What to work on:
Please begin with the line containing "Rendered at 1241 by 1754 pixels." and reproduce each line exactly until the records below end, without any pictures.

Stored items:
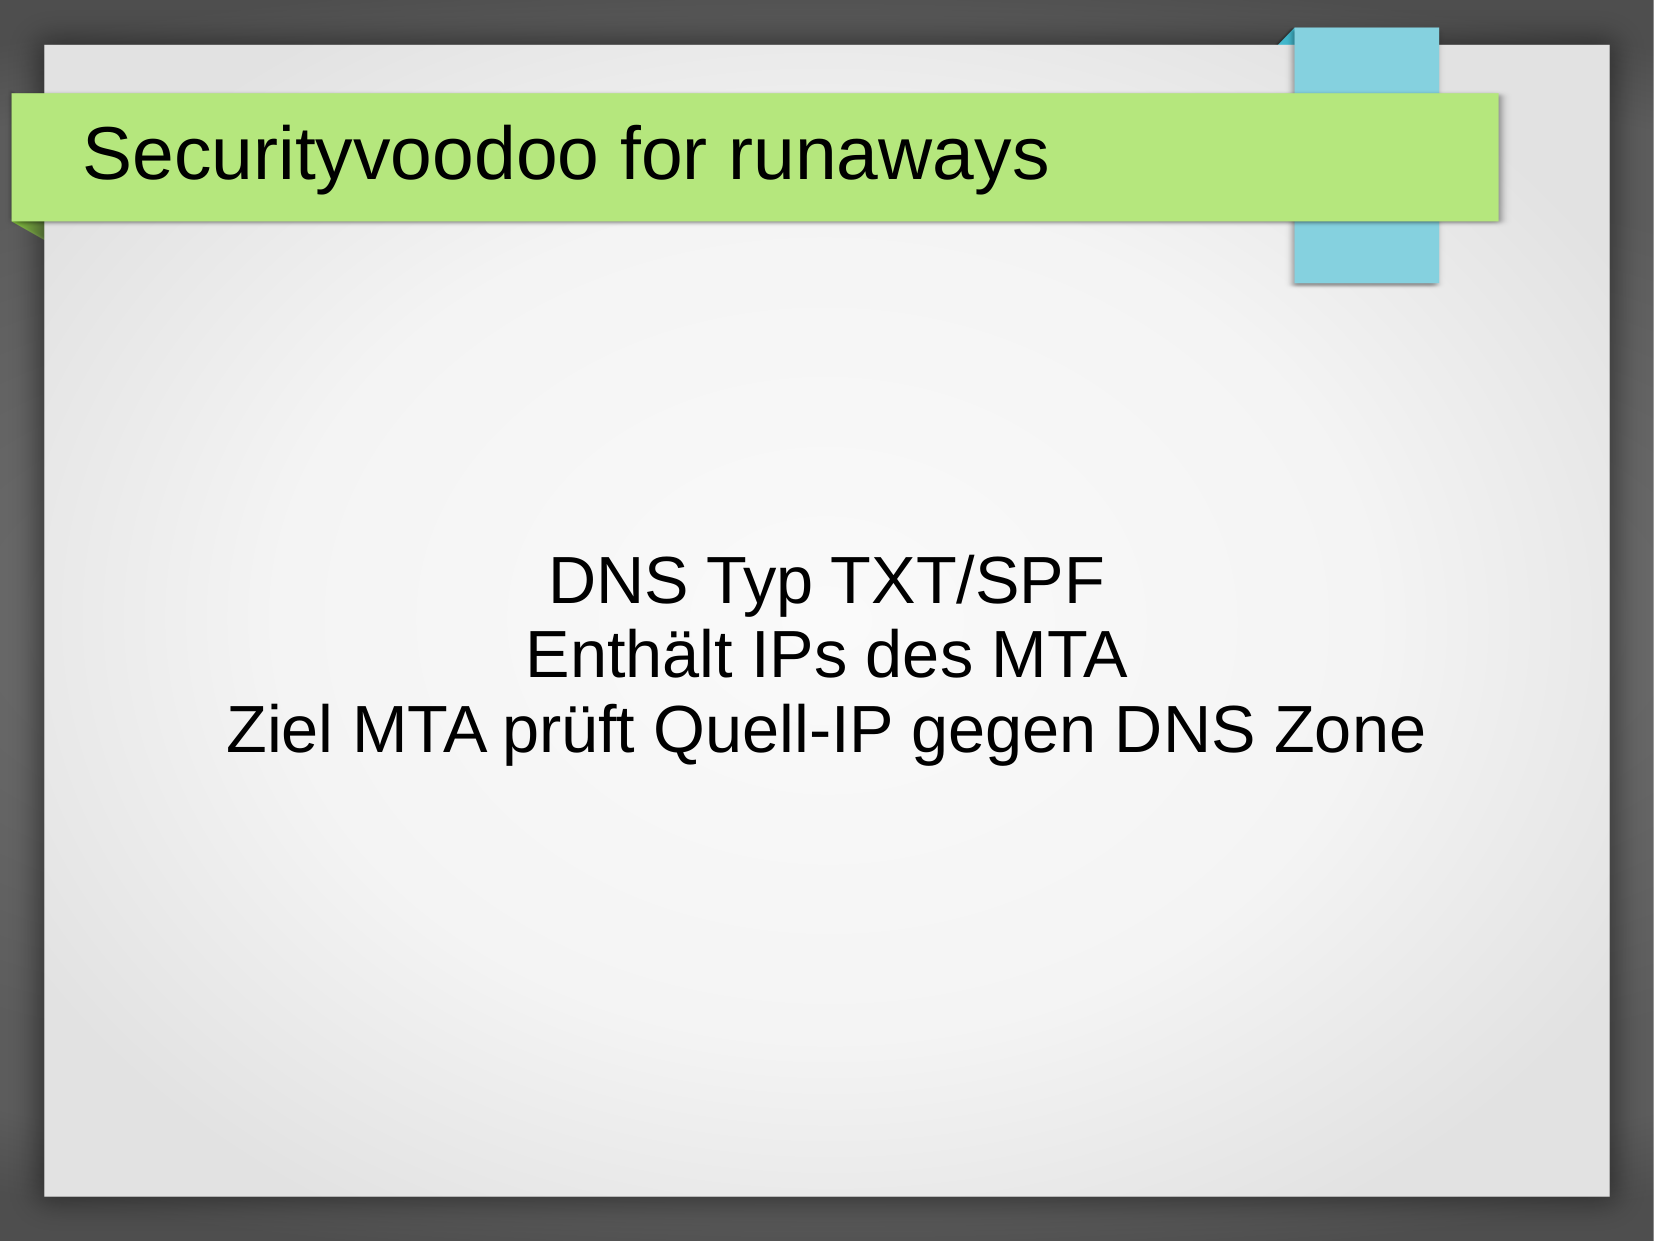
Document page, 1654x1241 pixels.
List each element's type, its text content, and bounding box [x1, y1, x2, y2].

picture [0, 0, 1654, 1241]
subtitle DNS Typ TXT/SPF Enthält IPs des MTA Ziel MTA prüft Quell-IP gegen DNS Zone [82, 295, 1571, 1015]
title Securityvoodoo for runaways [82, 94, 1264, 213]
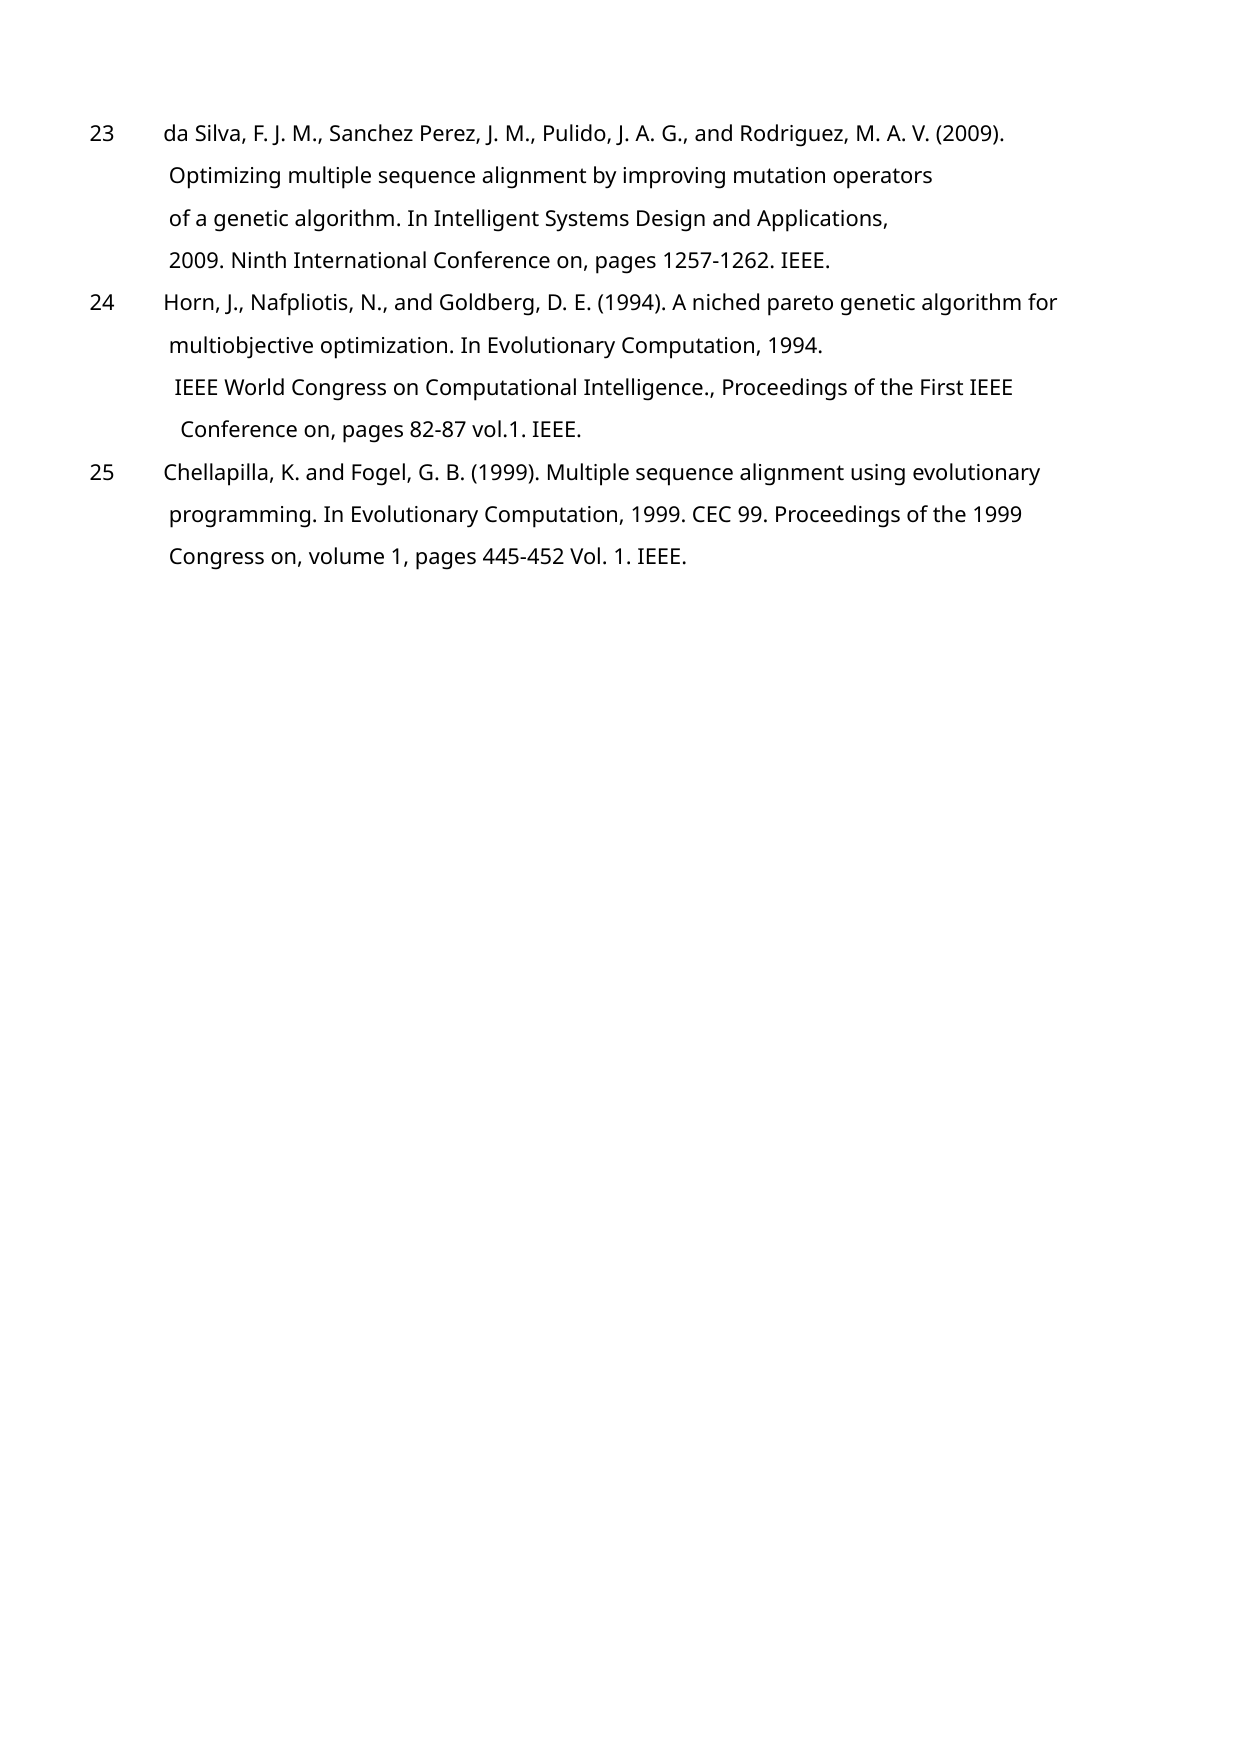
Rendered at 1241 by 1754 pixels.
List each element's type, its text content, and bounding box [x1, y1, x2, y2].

text 24 Horn, J., Nafpliotis, N., and Goldberg, D. E. (1994). A niched pareto genetic algorithm for [89, 287, 1152, 317]
text of a genetic algorithm. In Intelligent Systems Design and Applications, [89, 203, 1152, 232]
text Congress on, volume 1, pages 445-452 Vol. 1. IEEE. [89, 541, 1152, 571]
text 2009. Ninth International Conference on, pages 1257-1262. IEEE. [89, 245, 1152, 275]
text Optimizing multiple sequence alignment by improving mutation operators [89, 160, 1152, 190]
text multiobjective optimization. In Evolutionary Computation, 1994. [89, 329, 1152, 359]
text IEEE World Congress on Computational Intelligence., Proceedings of the First IEEE [89, 372, 1152, 402]
text Conference on, pages 82-87 vol.1. IEEE. [89, 414, 1152, 444]
text programming. In Evolutionary Computation, 1999. CEC 99. Proceedings of the 1999 [89, 499, 1152, 528]
text 23 da Silva, F. J. M., Sanchez Perez, J. M., Pulido, J. A. G., and Rodriguez, M. A. V. (2009). [89, 118, 1152, 148]
text 25 Chellapilla, K. and Fogel, G. B. (1999). Multiple sequence alignment using evolutionary [89, 456, 1152, 486]
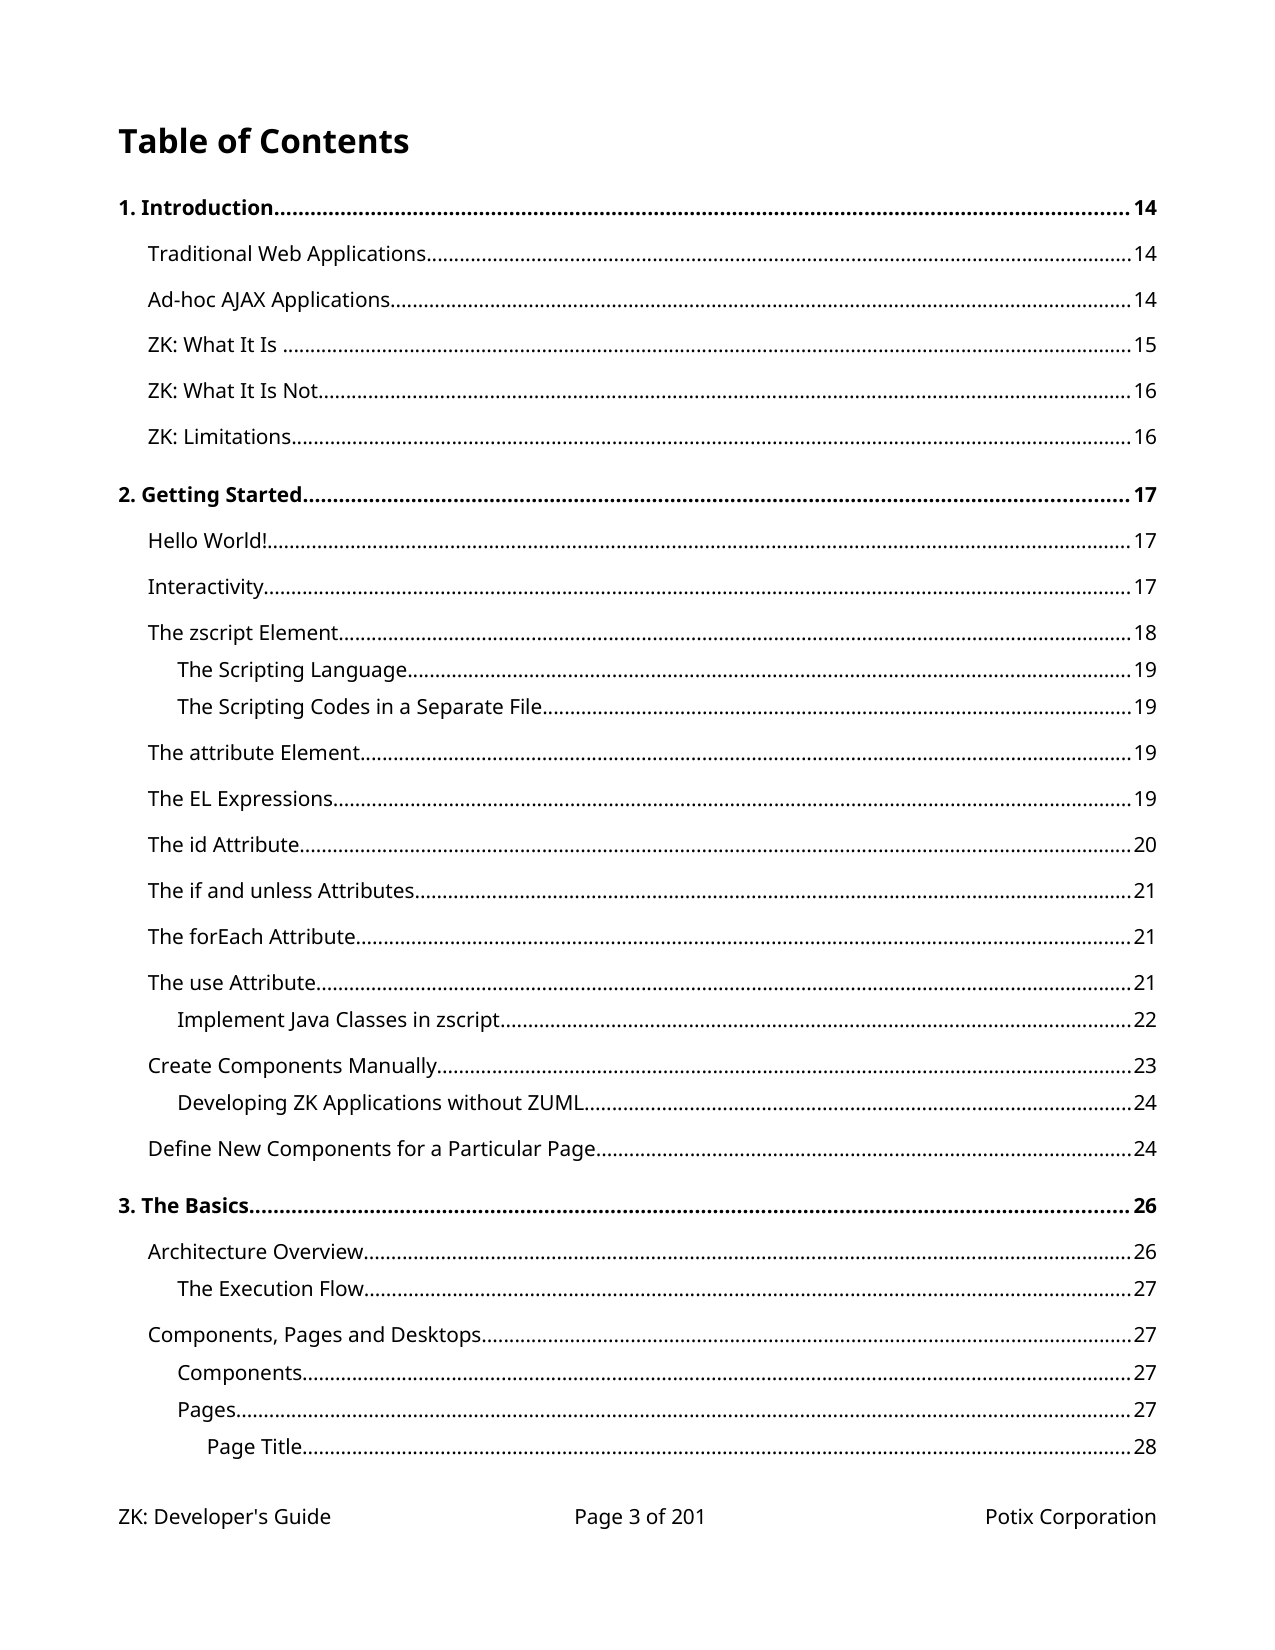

Written answer:
Rendered at 1241 by 1754 pixels.
List each element's type, its text content, and bounding box [x1, y1, x2, y2].

text 24 Horn, J., Nafpliotis, N., and Goldberg, D. E. (1994). A niched pareto genetic algorithm for [89, 287, 1152, 317]
text of a genetic algorithm. In Intelligent Systems Design and Applications, [89, 203, 1152, 232]
text Congress on, volume 1, pages 445-452 Vol. 1. IEEE. [89, 541, 1152, 571]
text 2009. Ninth International Conference on, pages 1257-1262. IEEE. [89, 245, 1152, 275]
text Optimizing multiple sequence alignment by improving mutation operators [89, 160, 1152, 190]
text multiobjective optimization. In Evolutionary Computation, 1994. [89, 329, 1152, 359]
text IEEE World Congress on Computational Intelligence., Proceedings of the First IEEE [89, 372, 1152, 402]
text Conference on, pages 82-87 vol.1. IEEE. [89, 414, 1152, 444]
text programming. In Evolutionary Computation, 1999. CEC 99. Proceedings of the 1999 [89, 499, 1152, 528]
text 23 da Silva, F. J. M., Sanchez Perez, J. M., Pulido, J. A. G., and Rodriguez, M. A. V. (2009). [89, 118, 1152, 148]
text 25 Chellapilla, K. and Fogel, G. B. (1999). Multiple sequence alignment using evolutionary [89, 456, 1152, 486]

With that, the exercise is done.